I'm playing a bit with the UMC library. I've written a very simple screen-recorder (under Windows) that also captures the microphone. Since I'm actually creating the video, I cannot depend on some fixed fps to set the time-stamps, so internally, I use a timer with 1 ms (theoretical) resolution (from Windows SDK timeGetTime()).
I use the H264 video-codec and AAC audio-codec with the MP4 muxer. Initially I had some problems with the time-stamps for the video-frames as well, but when I convert my internal milliseconds with timestamp = (ms / 1000.0), the video plays back in (visually) correct speed. The audio is an entirely different story. Using the same conversion, I get audio in high speed, aligned to the first 50% of the video.

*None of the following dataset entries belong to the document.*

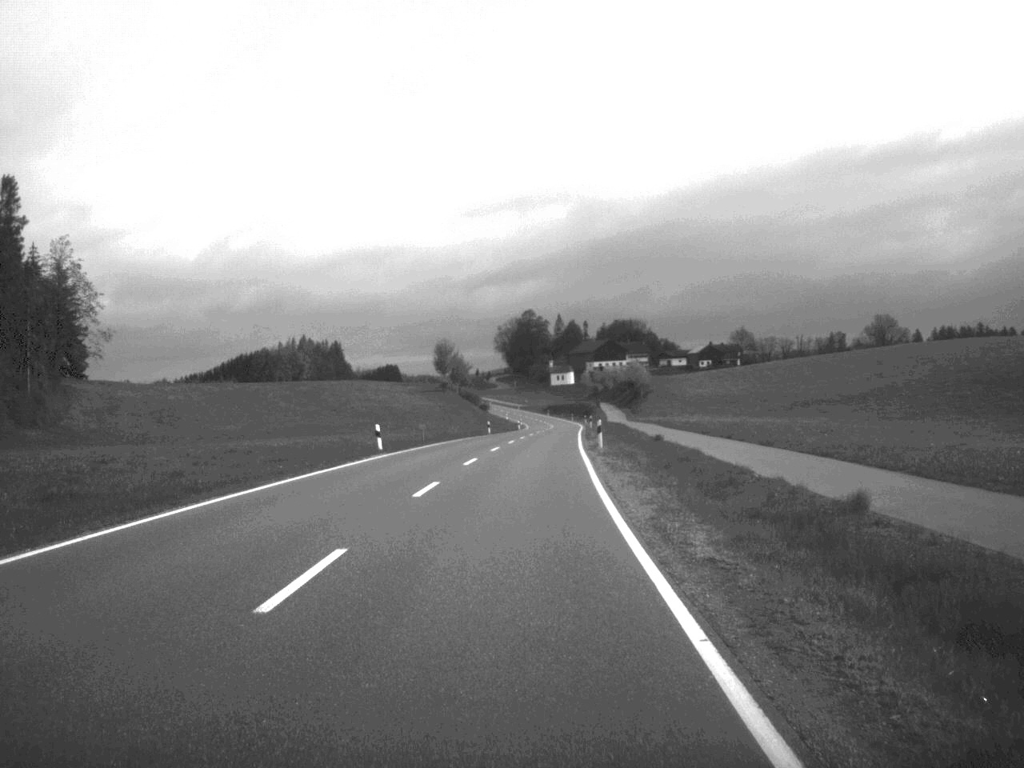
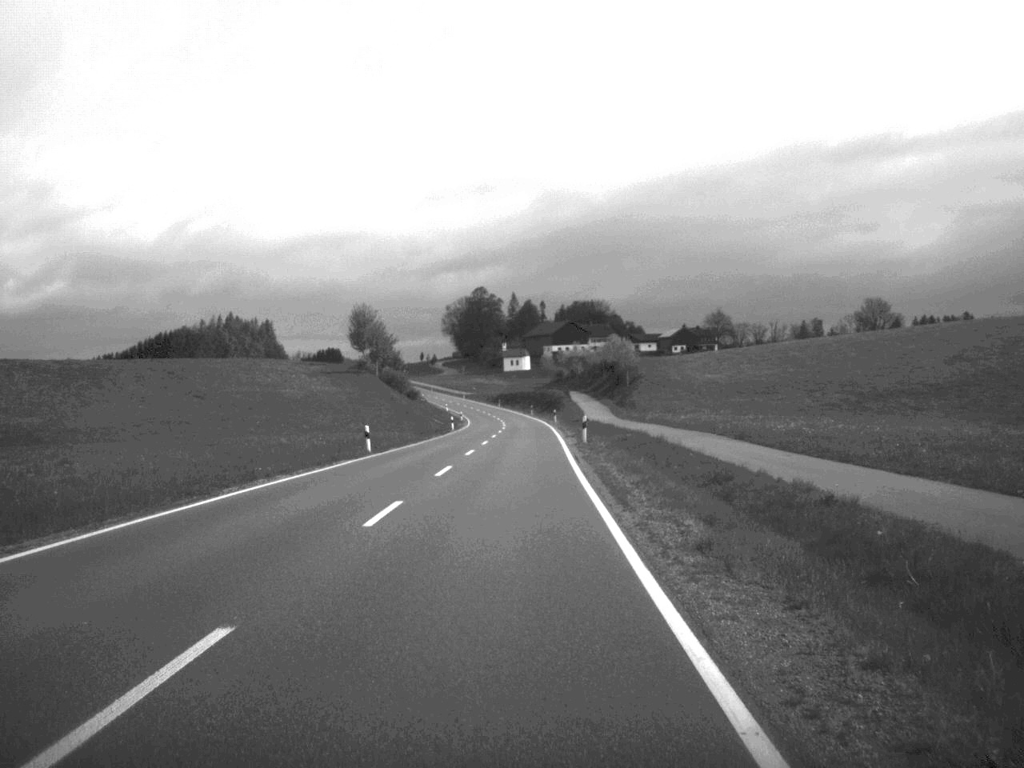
(+1.0, +51.6) m; +2°
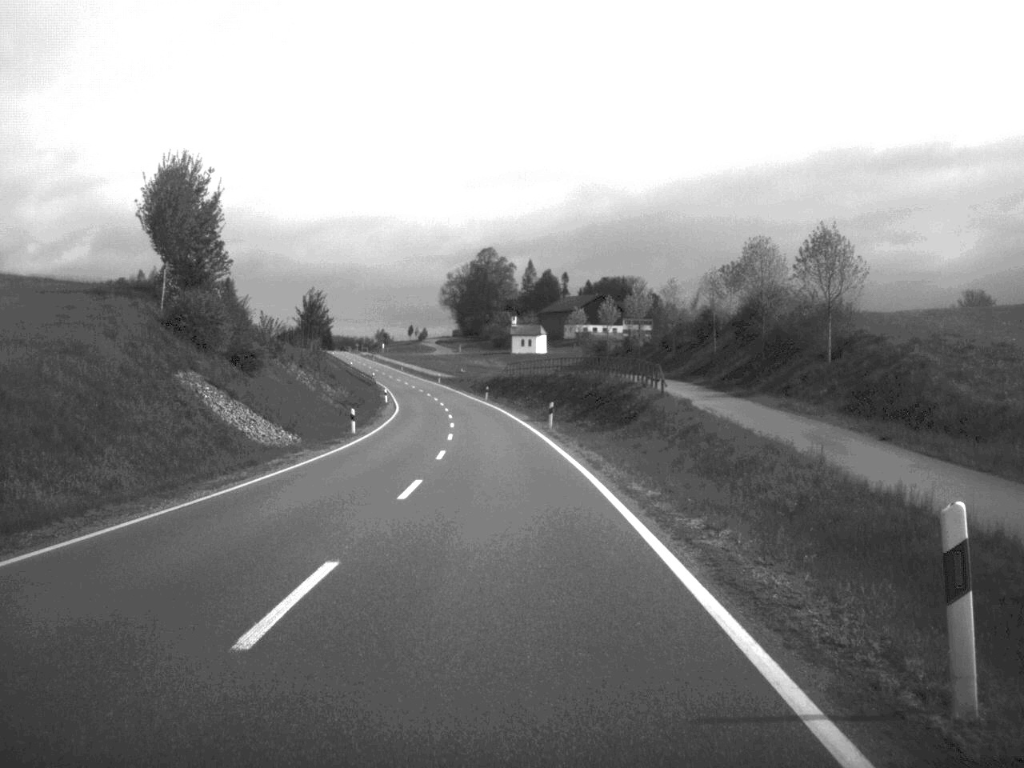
(0.0, +90.1) m; -1°
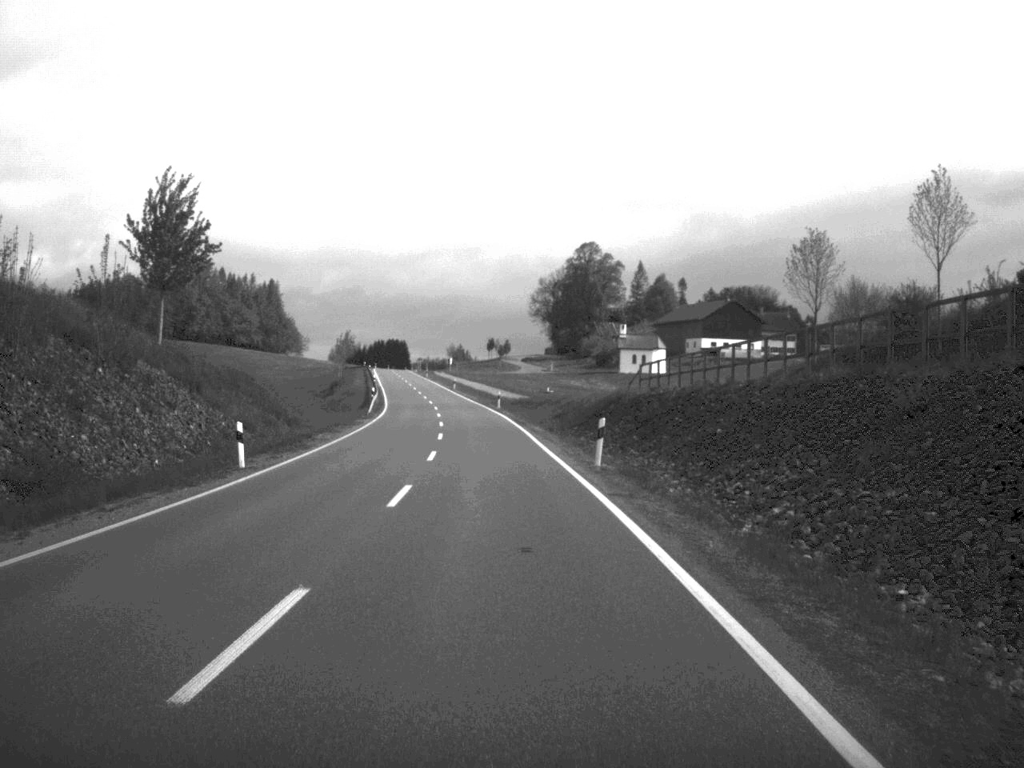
(-2.6, +71.6) m; -4°
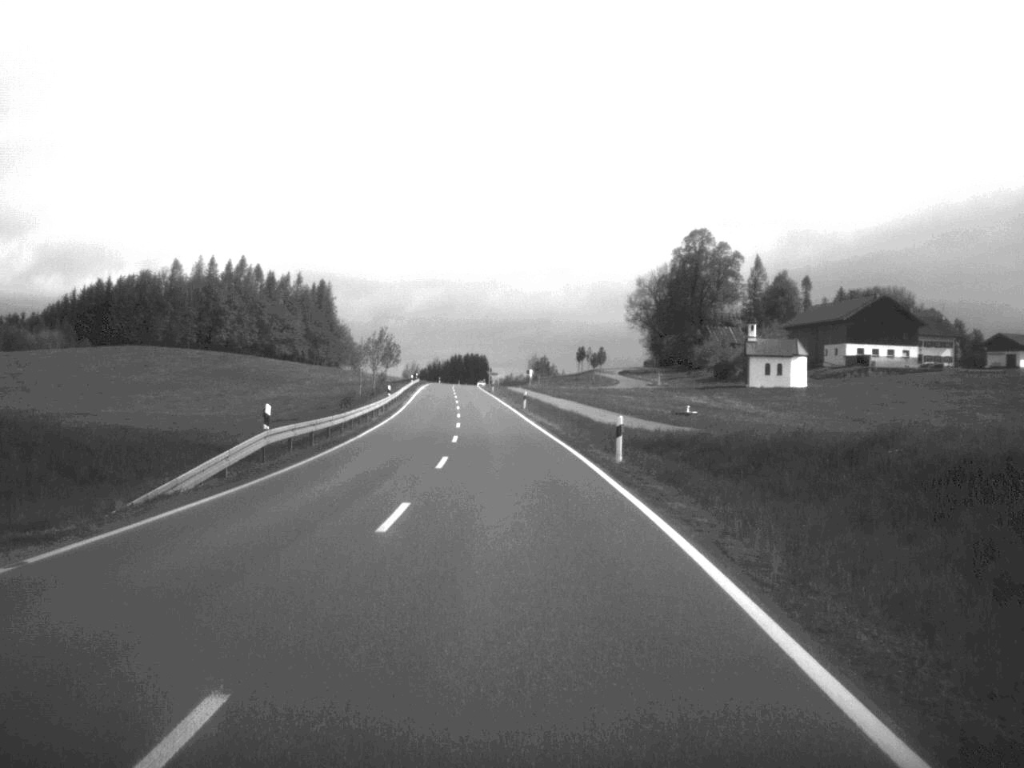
(-1.8, +50.6) m; -4°
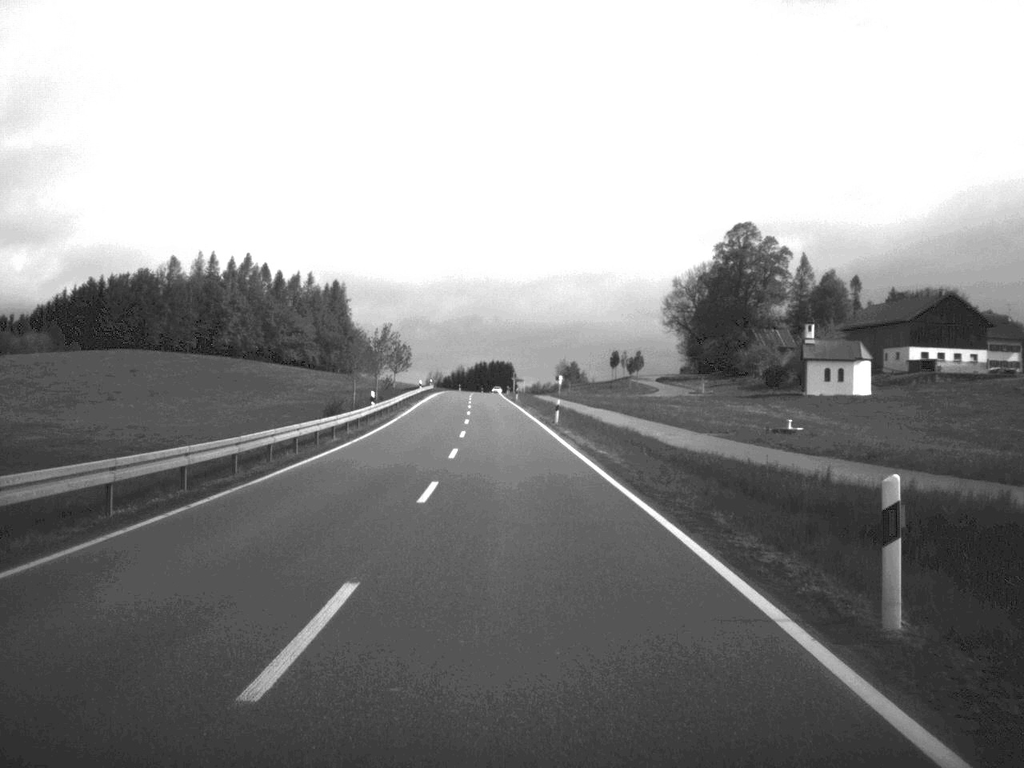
(-0.2, +19.5) m; -1°
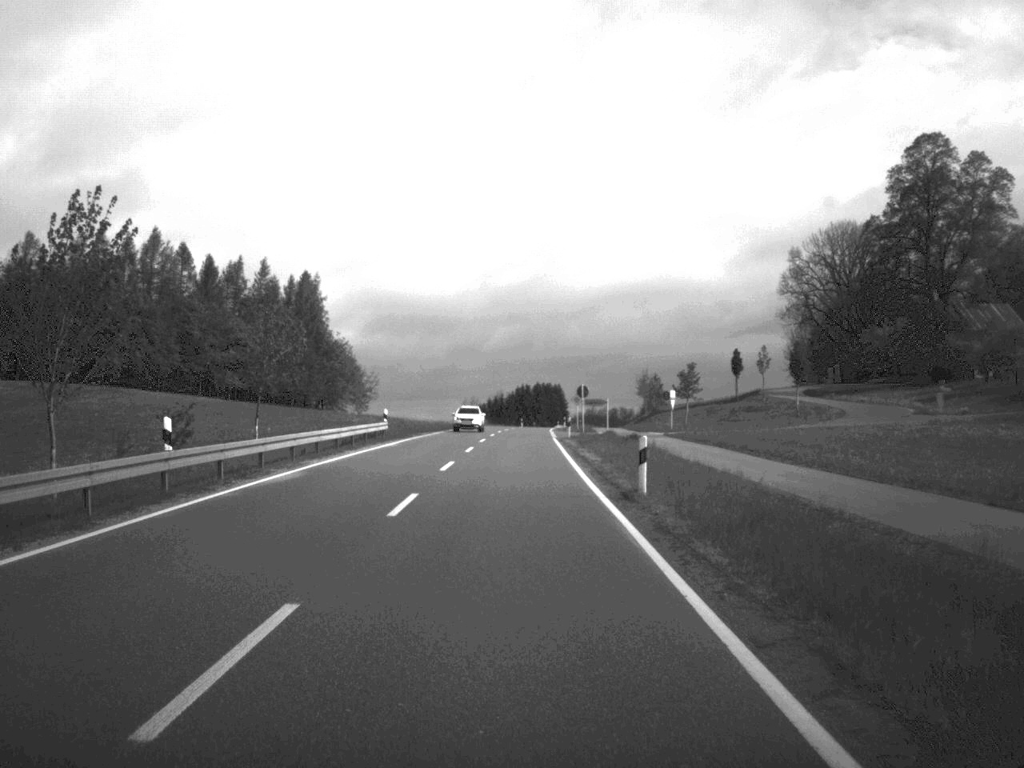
(-1.9, +82.7) m; -2°

That is, if I feed PCM-buffers to the audio-codec in the size requested by the codec (audio_params_.m_SuggestedInputSize). If I feed the larger buffers that I request from Windows, it seems like the encoder or muxer splits the buffer into smaller frames, and then mess up the timestamps of the individual frames - this is at least what the VLC player indicates ("timing screwed, stopping resampling")).
So my question is - what is the actual timestamps expected by the AAC audio-codec and the MP4 muxer? And, are they relative to the start of the movie, or to the previous audio-segment?
The complete source-code for my test-project can be found here: http://war.jgaa.com/files/IPP-test.7z
Sorry for such a long delay in responding to your question. Is this still an outstanding issue for you? Checking for the file link you cite in your post I find no file.
Please let us know if this issue is still outstanding for you so we can provide help.